Et je regrette aussitôt d'en avoir trop dit. La bouche d'Igor se fend d'un large sourire.

— Je ne comptais le tuer que s'il s'avérait bien être un indic. Dois-je considérer tes mots comme un aveu ?

Je m'emmure dans un silence horrifié. J'avais omis le fait qu'ils n'avaient pas encore la preuve formelle de sa traîtrise. Ma conscience est en miette. Je ne suis pas fier de tout ce que j'ai cédé à Igor ces derniers mois, mais je me rassurais en me disant, qu'au moins, personne n'était encore mort par ma faute, que ce serait sûrement ma limite.

Et on y était. Comme si j'avais encore besoin de preuves de la nécessité de la rupture avec Igor !

L'Ukrainien pivota en face de moi et se pencha pour se mettre à ma hauteur, ses foutues serres toujours agrippées sur mes épaules. Il prit sa voix paternelle, celle du calme avant la tempête.

— Ejay, je veux juste que tu nous dises ce qu'il a déjà balancé et s'il a des complices. C'est juste un flic ! Depuis quand tu t'intéresses au sort des flics ?

Depuis qu'il s'agit d'êtres humains, comme lui et moi, et parce que personne ne mérite d'être assassiné ! Mais je me doute bien que ce genre de débat idéologique est perdu d'avance face à Igor.

— Alors c'est vrai ! s'écrit le type attaché en feulant à chaque consonne à cause de sa bouche ensanglantée. Tu embauches des Alters pour tes sales besognes !

Igor agite une main nonchalante dans la direction de Lobster et le flic reçoit un nouveau coup de chaîne sur l'abdomen. Il tousse et peine à reprendre son souffle.

— Tu ne parles pas quand on te le demande et tu parles quand on ne t'y invite pas, siffle perfidement Igor. Tu n'arranges pas ton cas, Delvaux...

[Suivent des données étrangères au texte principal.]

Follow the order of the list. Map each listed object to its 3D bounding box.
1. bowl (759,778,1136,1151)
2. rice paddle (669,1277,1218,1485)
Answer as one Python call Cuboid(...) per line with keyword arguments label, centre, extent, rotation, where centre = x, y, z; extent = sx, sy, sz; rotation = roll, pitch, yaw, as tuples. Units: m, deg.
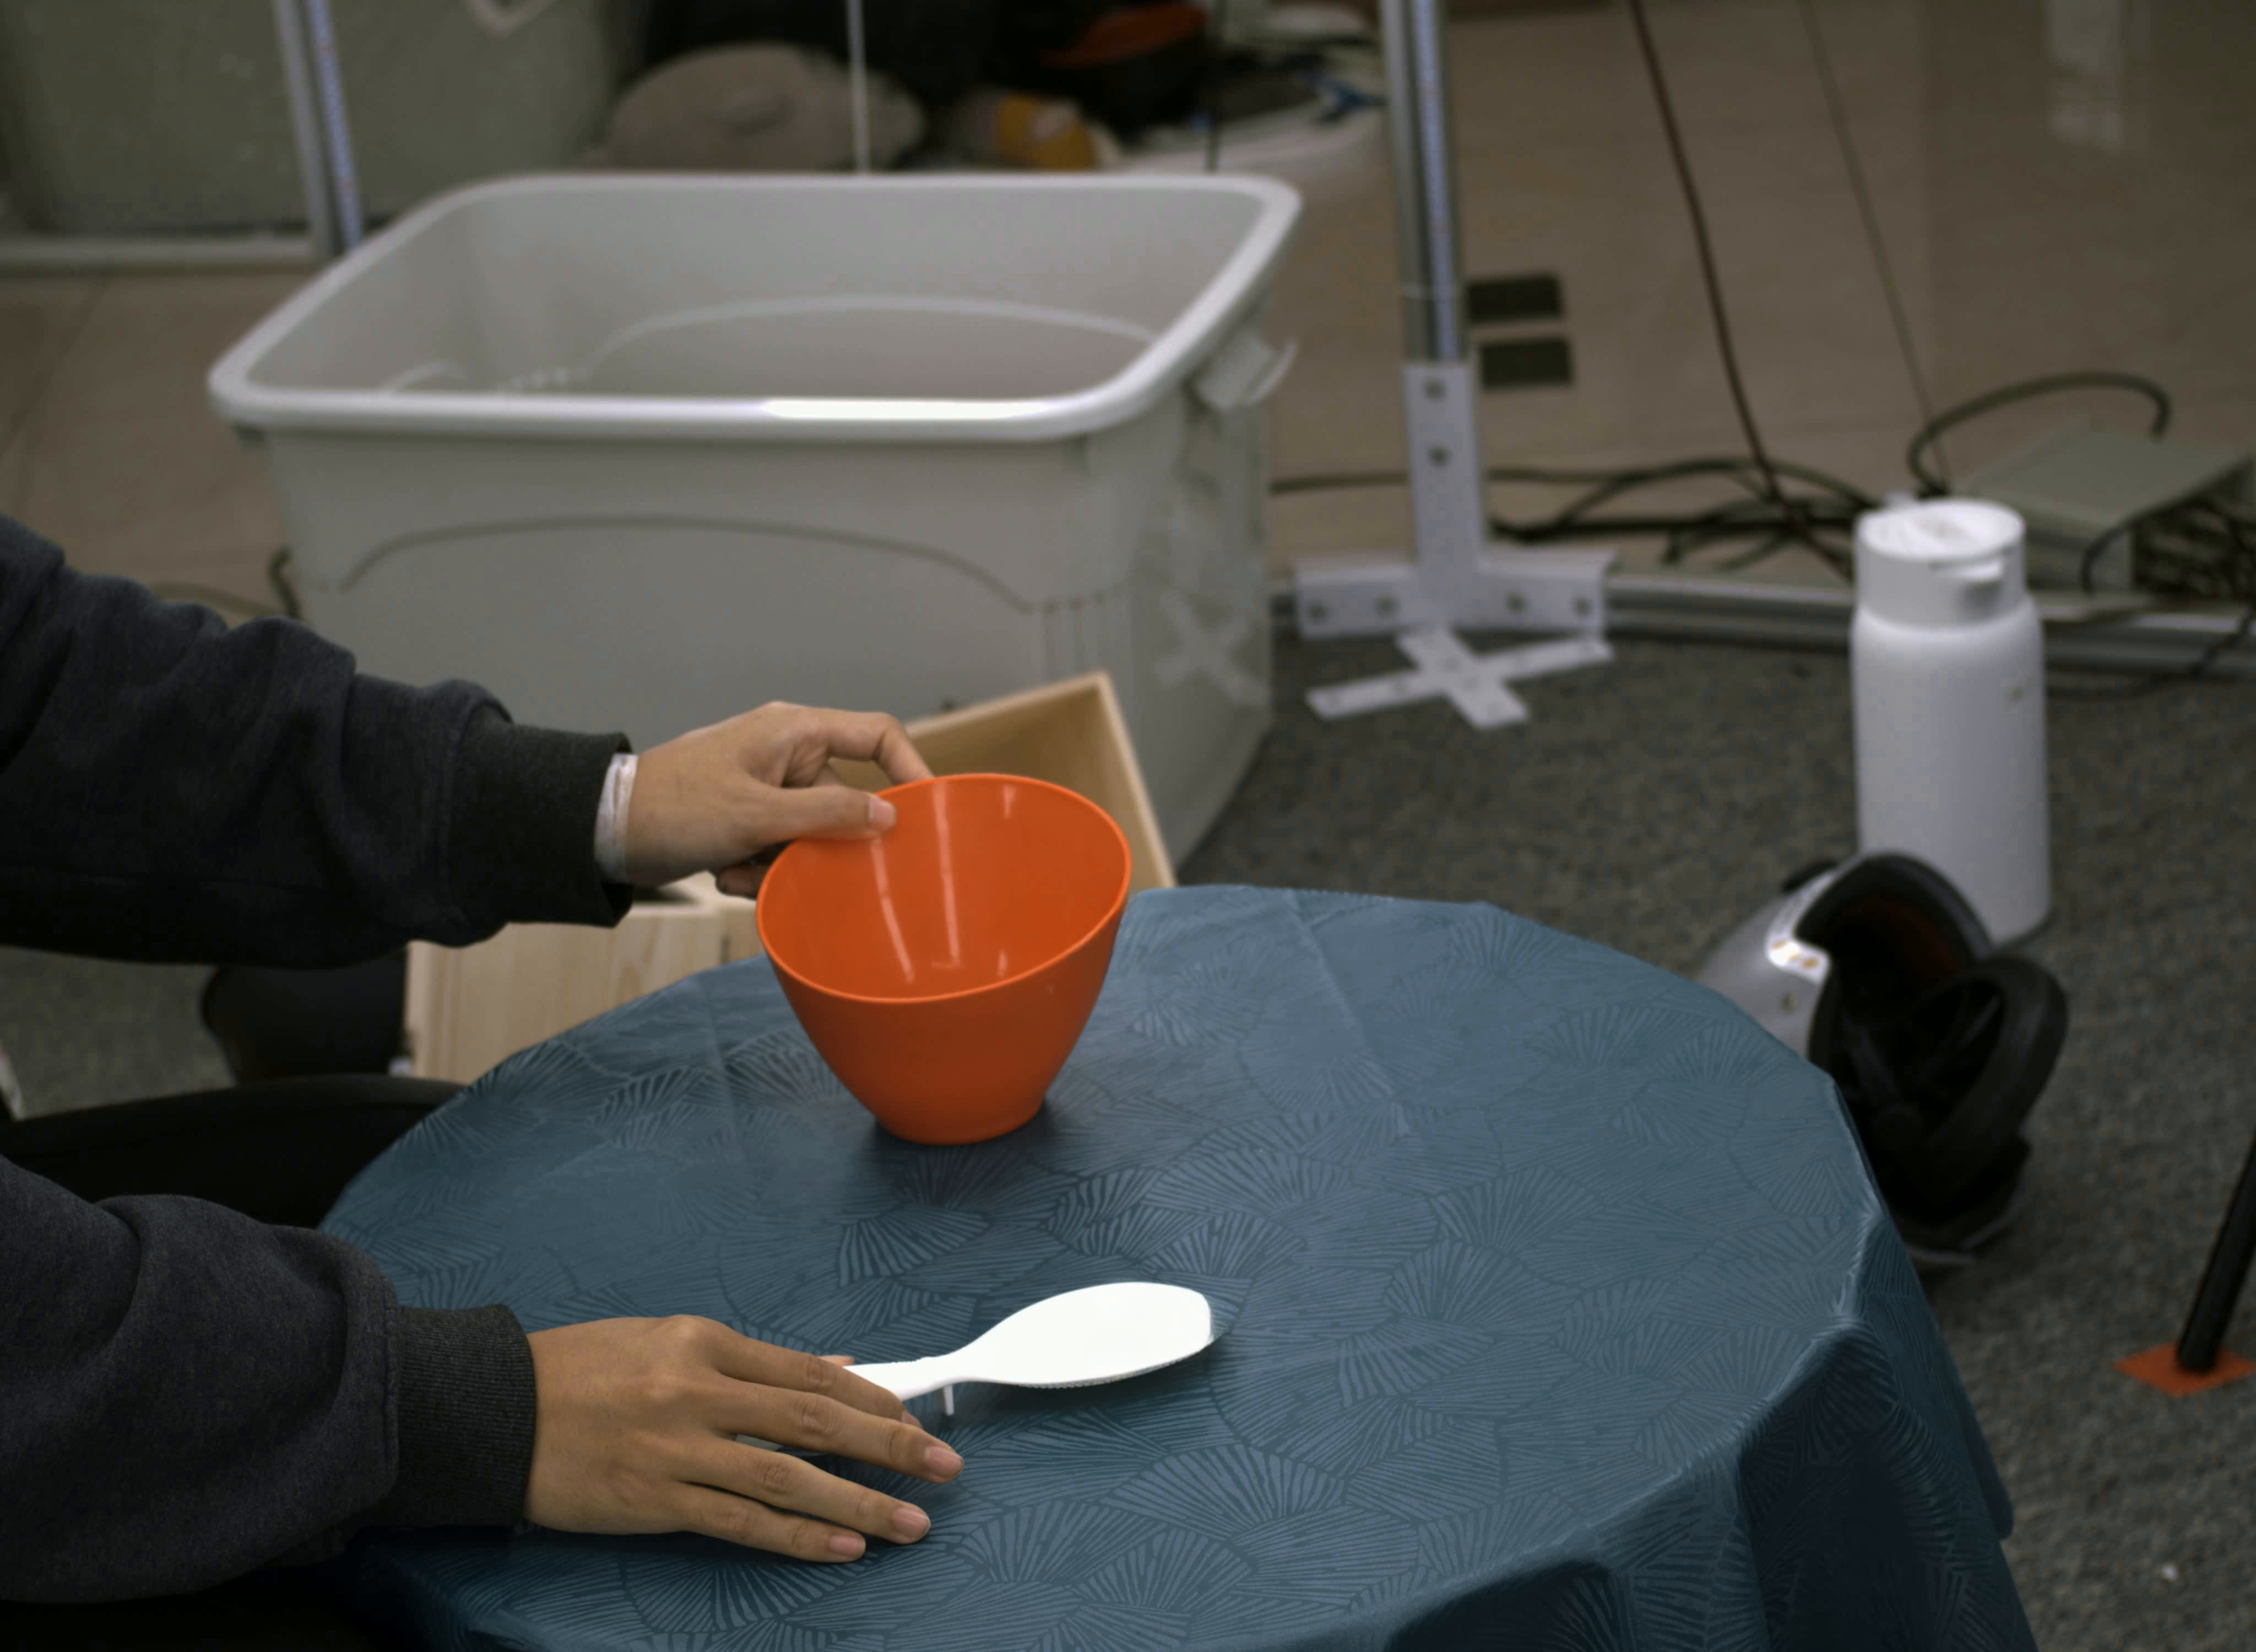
Cuboid(label="bowl", centre=(-0.067, 0.060, 2.210), extent=(0.148, 0.106, 0.146), rotation=(-4, 27, 2))
Cuboid(label="rice paddle", centre=(-0.062, 0.191, 2.006), extent=(0.204, 0.030, 0.068), rotation=(-14, 25, -21))

Le dénommé Delvaux relève la tête. Ses yeux me fixent et brillent d'une lueur étrange. Il devrait savoir qu'il n'a pas besoin de me parler, s'il veut me transmettre un message, mais il parle quand même. L'imbécile.

— Écoute gamin, quoi que t'ait promis cet homme, ne le crois pas ! Il est le Diable en personne ! Rentre dans sa toile et tu ne t'en échapperas plus !

J'ai presque envie de lui rire à la figure. Sans déconner ! Hélas, je ne suis pas dans un état propice à l'hilarité. Je me plonge dans un mutisme persistant. Igor râle, hausse le ton, me gifle. Je ne réagis toujours pas. Alors il finit par m'attraper le bras et par m'entraîner dans la pièce voisine, sur la droite.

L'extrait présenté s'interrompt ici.